Susan Helen Aldrich De Kroyft (Aldrich; October 29, 1818 – October 1915) was an American author. Becoming blind less than a month after being widowed, for the next 48 years, De Kroyft traveled and wrote books. Principally her own publisher, the work that she prepared was dictated to a companion.

==Early life and education==
Helen Aldrich was born in Rochester, New York, on October 29, 1818. She was the daughter of Obed and Melintha Hart (Potter) Aldrich, and was the oldest in a family of twelve children. She was a seventh-generation descendant of the Quaker George Aldrich, who came to the United States in 1630.
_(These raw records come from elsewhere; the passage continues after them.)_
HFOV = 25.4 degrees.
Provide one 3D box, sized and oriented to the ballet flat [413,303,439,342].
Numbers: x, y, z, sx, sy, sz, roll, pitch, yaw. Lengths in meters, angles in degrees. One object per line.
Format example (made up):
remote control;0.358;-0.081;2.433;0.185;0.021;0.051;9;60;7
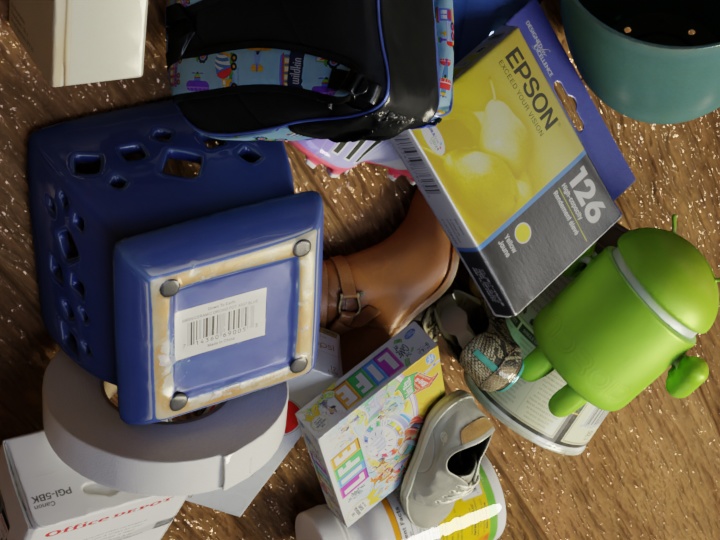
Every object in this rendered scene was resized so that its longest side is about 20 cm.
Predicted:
ballet flat;0.058;0.116;1.563;0.067;0.046;0.201;-29;131;-54

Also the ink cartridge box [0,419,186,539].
ink cartridge box;-0.240;0.200;1.366;0.146;0.083;0.200;-12;156;-27

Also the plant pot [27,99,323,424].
plant pot;-0.137;-0.005;1.264;0.199;0.180;0.201;-16;132;-25

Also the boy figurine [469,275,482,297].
boy figurine;0.132;-0.032;1.479;0.064;0.124;0.200;-43;155;-18

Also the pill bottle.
pill bottle;0.039;0.255;1.639;0.199;0.111;0.112;-17;131;-24

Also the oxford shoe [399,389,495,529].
oxford shoe;0.084;0.192;1.508;0.075;0.058;0.201;-30;150;-30

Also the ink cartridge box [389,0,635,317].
ink cartridge box;0.141;-0.098;1.355;0.200;0.047;0.198;-41;111;-22

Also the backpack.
backpack;-0.044;-0.179;1.193;0.134;0.199;0.184;5;79;-57

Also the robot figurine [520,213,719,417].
robot figurine;0.236;0.045;1.436;0.200;0.176;0.116;-45;166;18

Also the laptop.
laptop;0.095;-0.214;1.315;0.103;0.200;0.178;30;107;-4

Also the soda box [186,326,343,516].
soda box;-0.093;0.131;1.440;0.068;0.064;0.200;21;126;-22

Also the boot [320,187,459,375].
boot;0.000;0.000;1.453;0.154;0.077;0.201;8;111;-21

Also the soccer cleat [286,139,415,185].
soccer cleat;0.007;-0.120;1.342;0.199;0.067;0.077;6;124;-52

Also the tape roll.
tape roll;-0.158;0.106;1.301;0.202;0.203;0.037;-12;126;-27

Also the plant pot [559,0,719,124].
plant pot;0.263;-0.220;1.370;0.200;0.201;0.161;-29;152;-12

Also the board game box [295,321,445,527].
board game box;0.017;0.143;1.448;0.134;0.034;0.200;-37;152;-14

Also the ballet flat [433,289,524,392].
ballet flat;0.103;0.055;1.495;0.075;0.200;0.068;40;97;-11

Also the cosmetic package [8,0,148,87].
cosmetic package;-0.192;-0.240;1.098;0.073;0.104;0.201;-11;128;-27

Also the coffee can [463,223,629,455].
coffee can;0.213;0.059;1.582;0.146;0.146;0.201;16;113;-41

Early in her life, her father, Obed, lost a great deal of money by "endorsing for a friend".

De Kroyft attended Westfield Academy in 1832–36, and Genesee Wesleyan Seminary (now Syracuse University) in Lima, New York in 1837–43, where she was a valedictorian. In 1834, at age 15, she came up with a plan regarding how to pay for her higher education. She alternated between teaching school in the winter and attending school in the summer, ultimately graduating from the university.

==Career==
Shortly after leaving school, she married William De Kroyft, a young physician, on July 26, 1846, in Rochester. However, a carriage accident four hours after their wedding left her widowed. Less than a month later, she awoke to find herself blind from an eye infection.

Confronted now with the necessity of having to provide for herself, she entered the New York Institution for the Blind to become an organist. In a few months, however, a card invented in Paris for keeping the lines straight was placed in her hands, and in less than three years, her first work was written, entitled: A Place in Thy Memory.

Being an unknown author, no publisher wanted to bring out De Kroyft's work without being paid half the costs for a first edition. She wrote a prospectus and personally solicited subscribers in New York City, securing enough to bring out her work with two engravings, all paid. Delivering the book to her subscribers, she saw that she had in her hand the means of travel by everywhere introducing her own work. Engaging a young lady companion, De Kroyft went first, in February 1860, to Washington, D.C. Several of the New York papers announced her there, and one of the directors of the institution gave her letters to his friends, Henry Clay, Sam Houston, Mrs. Commodore Aulic, the Chaplain of the United States Senate, and so forth.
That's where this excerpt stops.